Sometimes, some scientists work alone. But mostly, scientists collaborate. We team up, getting more done together than we could alone.
Over the years, I’ve realized that theoretical physicists like me collaborate in a bit of a weird way, compared to other scientists. Most scientists do experiments, and those experiments require labs. Each lab typically has one principal investigator, or “PI”, who hires most of the other people in that lab. For any given project, scientists from the lab will be organized into particular roles. Some will be involved in the planning, some not. Some will do particular tests, gather data, manage lab animals, or do statistics. The whole experiment is at least roughly planned out from the beginning, and everyone has their own responsibility, to the extent that journals will sometimes ask scientists to list everyone’s roles when they publish papers. In this system, it’s rare for scientists from two different labs to collaborate. Usually it happens for a reason: a lab needs a statistician for a particularly subtle calculation, or one lab must process a sample so another lab can analyze it.
In contrast, theoretical physicists don’t have labs. Our collaborators sometimes come from the same university, but often they’re from a different one, frequently even in a different country. The way we collaborate is less like other scientists, and more like artists.

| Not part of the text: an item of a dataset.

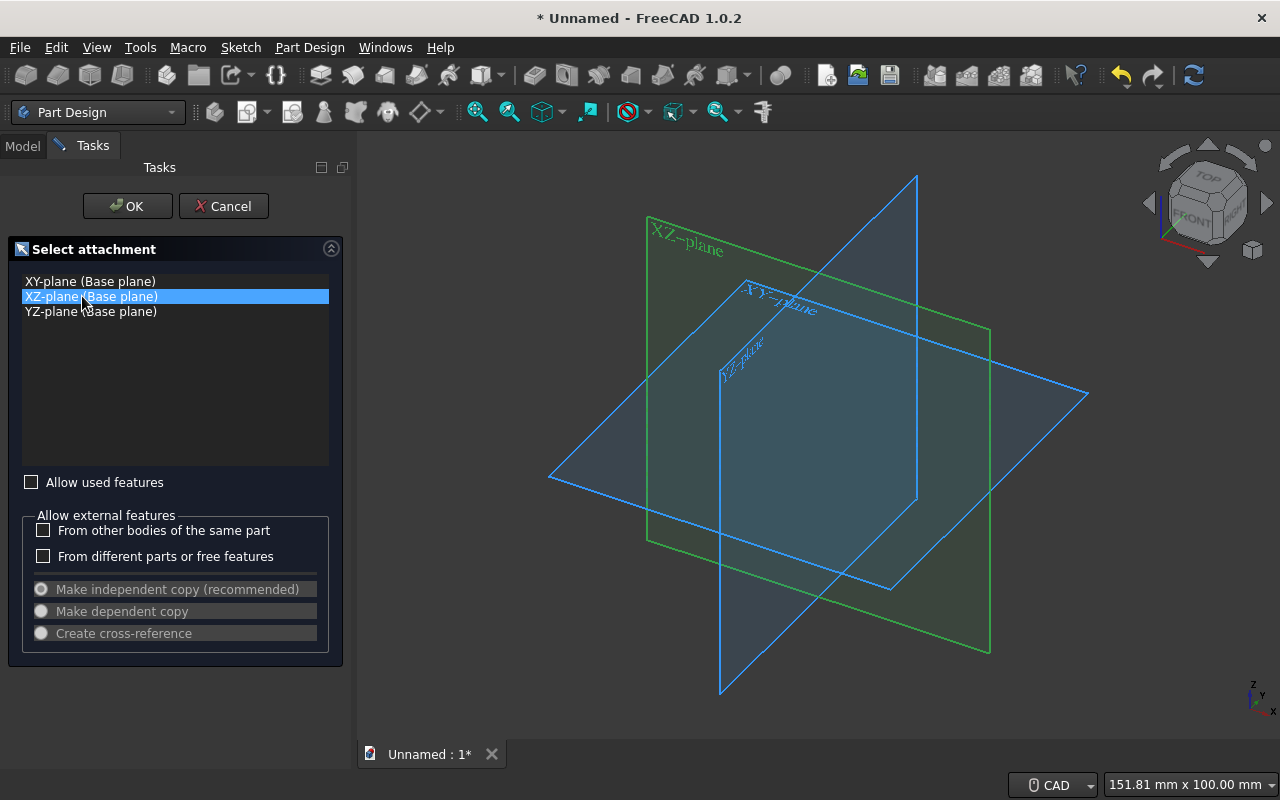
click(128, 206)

Sometimes, theoretical physicists have collaborations with dedicated roles and a detailed plan. This can happen when there is a specific calculation that needs to be done, that really needs to be done right. Some of the calculations that go into making predictions at the LHC are done in this way. I haven’t been in a collaboration like that (though in retrospect one collaborator may have had something like that in mind).
Instead, most of the collaborations I’ve been in have been more informal. They tend to start with a conversation. We chat by the coffee machine, or after a talk, anywhere there’s a blackboard nearby. It starts with “I’ve noticed something odd”, or “here’s something I don’t understand”. Then, we jam. We go back and forth, doing our thing and building on each other. Sometimes this happens in person, a barrage of questions and doubts until we hammer out something solid. Sometimes we go back to our offices, to calculate and look up references. Coming back the next day, we compare results: what did you manage to show? Did you get what I did? If not, why?
I make this sound spontaneous, but it isn’t completely. That starting conversation can be totally unplanned, but usually one of the scientists involved is trying to make it happen. There’s a different way you talk when you’re trying to start a collaboration, compared to when you just want to talk. If you’re looking for a collaboration, you go into more detail. If the other person is on the same wavelength, you start using “we” instead of “I”, or you start suggesting plans of action: “you could do X, while I do Y”. If you just want someone’s opinion, or just want to show off, then your conversation is less detailed, and less personal.
This is easiest to do with our co-workers, but we do it with people from other universities too. Sometimes this happens at conferences, more often during short visits for seminars. I’ve been on almost every end of this. As a visitor, I’ve arrived to find my hosts with a project in mind. As a host, I’ve invited a visitor with the goal of getting them involved in a collaboration, and I’ve received a visitor who came with their own collaboration idea.
After an initial flurry of work, we’ll have a rough idea of whether the project is viable. If it is, things get a bit more organized, and we sort out what needs to be done and a rough idea of who will do it. While the early stages really benefit from being done in person, this part is easier to do remotely. The calculations get longer but the concepts are clear, so each of us can work by ourselves, emailing when we make progress. If we get confused again, we can always schedule a Zoom to sort things out.
Once things are close (but often not quite done), it’s time to start writing the paper. In the past, I used Dropbox for this: my collaborators shared a folder with a draft, and we’d pass “control” back and forth as we wrote and edited. Now, I’m more likely to use something built for this purpose. Git is a tool used by programmers to collaborate on code. It lets you roll back edits you don’t like, and merge edits from two people to make sure they’re consistent. For other collaborations I use Overleaf, an online interface for the document-writing language LaTeX that lets multiple people edit in real-time. Either way, this part is also more or less organized, with a lot of “can you write this section?” that can shift around depending on how busy people end up being.
Finally, everything comes together. The edits stabilize, everyone agrees that the paper is good (or at least, that any dissatisfaction they have is too minor to be worth arguing over). We send it to a few trusted friends, then a few days later up on the arXiv it goes.
Then, the cycle begins again. If the ideas are still clear enough, the same collaboration might keep going, planning follow-up work and follow-up papers. We meet new people, or meet up with old ones, and establish new collaborations as we go. Our fortunes ebb and flow based on the conversations we have, the merits of our ideas and the strengths of our jams. Sometimes there’s more, sometimes less, but it keeps bubbling up if you let it.